§ Task
Find the word "railway" below. Copy each line that has it.

Top of Input data

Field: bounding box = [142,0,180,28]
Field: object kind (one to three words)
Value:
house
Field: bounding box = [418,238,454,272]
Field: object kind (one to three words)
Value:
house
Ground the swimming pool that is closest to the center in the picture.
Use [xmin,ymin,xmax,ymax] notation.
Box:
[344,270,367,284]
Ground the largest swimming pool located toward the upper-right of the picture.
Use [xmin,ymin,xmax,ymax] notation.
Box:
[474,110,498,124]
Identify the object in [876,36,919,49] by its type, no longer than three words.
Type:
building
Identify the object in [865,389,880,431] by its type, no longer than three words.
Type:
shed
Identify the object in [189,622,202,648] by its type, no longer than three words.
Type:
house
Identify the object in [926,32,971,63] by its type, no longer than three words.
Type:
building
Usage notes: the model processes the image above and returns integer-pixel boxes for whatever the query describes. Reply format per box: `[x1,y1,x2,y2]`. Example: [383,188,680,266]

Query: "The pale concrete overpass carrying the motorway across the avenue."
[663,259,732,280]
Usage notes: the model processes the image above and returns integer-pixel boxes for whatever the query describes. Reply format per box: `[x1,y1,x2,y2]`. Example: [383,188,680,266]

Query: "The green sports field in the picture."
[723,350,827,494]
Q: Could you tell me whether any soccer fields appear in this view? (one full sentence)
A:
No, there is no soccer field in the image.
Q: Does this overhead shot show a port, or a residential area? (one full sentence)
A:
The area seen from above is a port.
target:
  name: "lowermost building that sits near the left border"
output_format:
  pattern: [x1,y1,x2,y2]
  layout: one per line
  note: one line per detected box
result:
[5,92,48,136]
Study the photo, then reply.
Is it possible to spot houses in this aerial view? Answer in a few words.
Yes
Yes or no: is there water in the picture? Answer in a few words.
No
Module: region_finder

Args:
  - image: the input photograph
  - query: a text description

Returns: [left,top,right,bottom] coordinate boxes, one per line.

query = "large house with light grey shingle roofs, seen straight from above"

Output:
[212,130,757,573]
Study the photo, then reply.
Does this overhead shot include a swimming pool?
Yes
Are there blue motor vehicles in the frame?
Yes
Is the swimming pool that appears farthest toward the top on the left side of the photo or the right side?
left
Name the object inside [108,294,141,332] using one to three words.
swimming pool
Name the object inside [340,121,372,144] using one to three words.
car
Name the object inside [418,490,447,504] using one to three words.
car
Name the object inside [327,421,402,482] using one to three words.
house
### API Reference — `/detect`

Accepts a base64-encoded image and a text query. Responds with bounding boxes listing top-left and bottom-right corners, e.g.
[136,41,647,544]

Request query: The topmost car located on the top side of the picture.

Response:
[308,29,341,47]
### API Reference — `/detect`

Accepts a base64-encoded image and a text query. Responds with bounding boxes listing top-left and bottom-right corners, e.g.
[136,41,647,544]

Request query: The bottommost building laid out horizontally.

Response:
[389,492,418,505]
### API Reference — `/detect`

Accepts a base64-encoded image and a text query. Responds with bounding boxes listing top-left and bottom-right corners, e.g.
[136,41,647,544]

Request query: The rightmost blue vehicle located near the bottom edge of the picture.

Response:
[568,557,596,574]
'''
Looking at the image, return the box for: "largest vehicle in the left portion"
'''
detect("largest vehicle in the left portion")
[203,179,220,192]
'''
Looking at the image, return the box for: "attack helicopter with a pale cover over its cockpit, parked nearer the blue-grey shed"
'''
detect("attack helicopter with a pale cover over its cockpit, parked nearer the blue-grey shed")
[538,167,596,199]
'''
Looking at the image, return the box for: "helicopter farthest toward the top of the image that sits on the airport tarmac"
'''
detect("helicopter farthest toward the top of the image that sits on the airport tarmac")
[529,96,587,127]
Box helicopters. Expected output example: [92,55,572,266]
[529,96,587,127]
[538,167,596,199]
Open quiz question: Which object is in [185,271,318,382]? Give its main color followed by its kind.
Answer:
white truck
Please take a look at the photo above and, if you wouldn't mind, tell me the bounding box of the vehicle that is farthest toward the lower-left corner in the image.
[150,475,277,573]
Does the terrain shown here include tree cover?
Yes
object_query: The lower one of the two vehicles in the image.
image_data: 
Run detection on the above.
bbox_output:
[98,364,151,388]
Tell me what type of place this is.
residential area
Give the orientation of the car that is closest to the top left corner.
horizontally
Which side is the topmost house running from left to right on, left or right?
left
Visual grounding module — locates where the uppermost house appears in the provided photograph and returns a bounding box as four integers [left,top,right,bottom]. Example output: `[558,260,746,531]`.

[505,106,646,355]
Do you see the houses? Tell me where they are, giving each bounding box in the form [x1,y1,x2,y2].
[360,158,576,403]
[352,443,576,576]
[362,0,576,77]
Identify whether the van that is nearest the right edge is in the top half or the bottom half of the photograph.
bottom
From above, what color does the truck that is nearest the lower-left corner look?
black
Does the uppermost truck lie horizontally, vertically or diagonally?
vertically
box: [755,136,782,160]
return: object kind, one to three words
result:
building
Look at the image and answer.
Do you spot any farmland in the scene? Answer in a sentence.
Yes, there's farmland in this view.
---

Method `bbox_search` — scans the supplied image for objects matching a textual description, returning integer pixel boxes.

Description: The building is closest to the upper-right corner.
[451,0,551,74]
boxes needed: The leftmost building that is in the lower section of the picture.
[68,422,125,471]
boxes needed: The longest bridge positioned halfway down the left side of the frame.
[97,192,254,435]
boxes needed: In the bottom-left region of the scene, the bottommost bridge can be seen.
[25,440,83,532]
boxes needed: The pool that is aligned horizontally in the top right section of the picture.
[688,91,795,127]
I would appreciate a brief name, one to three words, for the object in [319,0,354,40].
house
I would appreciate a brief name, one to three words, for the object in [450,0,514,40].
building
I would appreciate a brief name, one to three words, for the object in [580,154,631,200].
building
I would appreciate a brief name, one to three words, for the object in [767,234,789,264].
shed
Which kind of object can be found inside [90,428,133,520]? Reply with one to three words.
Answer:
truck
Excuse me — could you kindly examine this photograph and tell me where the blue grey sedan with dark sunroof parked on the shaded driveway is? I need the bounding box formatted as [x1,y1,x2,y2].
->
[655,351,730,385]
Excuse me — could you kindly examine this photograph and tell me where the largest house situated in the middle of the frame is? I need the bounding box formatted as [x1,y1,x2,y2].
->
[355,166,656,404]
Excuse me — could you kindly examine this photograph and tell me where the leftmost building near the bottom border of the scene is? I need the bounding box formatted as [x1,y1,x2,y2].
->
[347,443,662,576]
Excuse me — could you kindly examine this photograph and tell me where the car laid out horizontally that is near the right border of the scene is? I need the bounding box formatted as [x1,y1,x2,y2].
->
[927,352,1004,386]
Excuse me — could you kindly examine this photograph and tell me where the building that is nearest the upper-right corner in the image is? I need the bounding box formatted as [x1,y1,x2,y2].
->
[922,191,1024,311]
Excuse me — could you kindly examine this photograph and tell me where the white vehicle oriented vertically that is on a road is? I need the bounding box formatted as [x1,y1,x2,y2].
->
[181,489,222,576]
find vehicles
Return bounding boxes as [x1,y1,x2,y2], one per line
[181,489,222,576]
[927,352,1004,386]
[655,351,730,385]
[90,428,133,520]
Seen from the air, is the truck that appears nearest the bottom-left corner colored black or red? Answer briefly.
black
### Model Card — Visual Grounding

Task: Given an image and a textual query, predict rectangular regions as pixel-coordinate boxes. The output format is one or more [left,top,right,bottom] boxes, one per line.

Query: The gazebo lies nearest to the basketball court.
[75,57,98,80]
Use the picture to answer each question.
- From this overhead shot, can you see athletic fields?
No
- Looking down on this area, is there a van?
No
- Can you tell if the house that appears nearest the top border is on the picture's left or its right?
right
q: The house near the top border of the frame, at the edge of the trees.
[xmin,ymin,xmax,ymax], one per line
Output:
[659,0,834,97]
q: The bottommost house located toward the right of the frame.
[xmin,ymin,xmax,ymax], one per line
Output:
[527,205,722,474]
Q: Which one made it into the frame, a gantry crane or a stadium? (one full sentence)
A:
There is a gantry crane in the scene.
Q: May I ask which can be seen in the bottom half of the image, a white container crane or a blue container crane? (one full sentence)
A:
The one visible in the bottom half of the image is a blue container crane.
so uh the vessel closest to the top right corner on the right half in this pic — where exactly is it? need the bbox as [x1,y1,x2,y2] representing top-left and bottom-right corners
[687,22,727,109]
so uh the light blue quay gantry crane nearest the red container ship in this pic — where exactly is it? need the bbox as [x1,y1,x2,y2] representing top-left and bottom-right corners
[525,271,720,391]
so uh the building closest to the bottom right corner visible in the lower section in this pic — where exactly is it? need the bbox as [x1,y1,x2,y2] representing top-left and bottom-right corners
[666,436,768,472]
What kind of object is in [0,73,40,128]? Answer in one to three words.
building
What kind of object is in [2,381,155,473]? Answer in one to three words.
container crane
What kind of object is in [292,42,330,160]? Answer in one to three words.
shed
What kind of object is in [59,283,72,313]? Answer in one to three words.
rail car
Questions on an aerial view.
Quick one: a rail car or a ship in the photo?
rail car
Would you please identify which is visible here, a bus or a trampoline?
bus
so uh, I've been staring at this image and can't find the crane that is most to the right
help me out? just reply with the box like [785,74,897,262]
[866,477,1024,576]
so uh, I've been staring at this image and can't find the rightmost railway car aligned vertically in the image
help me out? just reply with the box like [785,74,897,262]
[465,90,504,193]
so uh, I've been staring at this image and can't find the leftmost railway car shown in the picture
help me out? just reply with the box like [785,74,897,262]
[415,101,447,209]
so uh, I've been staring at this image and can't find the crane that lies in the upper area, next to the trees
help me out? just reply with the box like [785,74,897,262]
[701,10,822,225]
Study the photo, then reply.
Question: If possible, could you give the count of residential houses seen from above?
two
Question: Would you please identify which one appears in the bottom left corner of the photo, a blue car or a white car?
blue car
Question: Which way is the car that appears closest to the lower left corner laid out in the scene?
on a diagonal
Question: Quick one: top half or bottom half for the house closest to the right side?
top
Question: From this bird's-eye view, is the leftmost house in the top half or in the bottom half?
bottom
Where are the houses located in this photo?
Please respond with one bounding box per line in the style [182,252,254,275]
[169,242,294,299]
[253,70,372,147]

Bottom of Input data

§ Solved exercise
so uh, I've been staring at this image and can't find the rightmost railway car aligned vertically in the image
so uh, I've been staring at this image and can't find the leftmost railway car shown in the picture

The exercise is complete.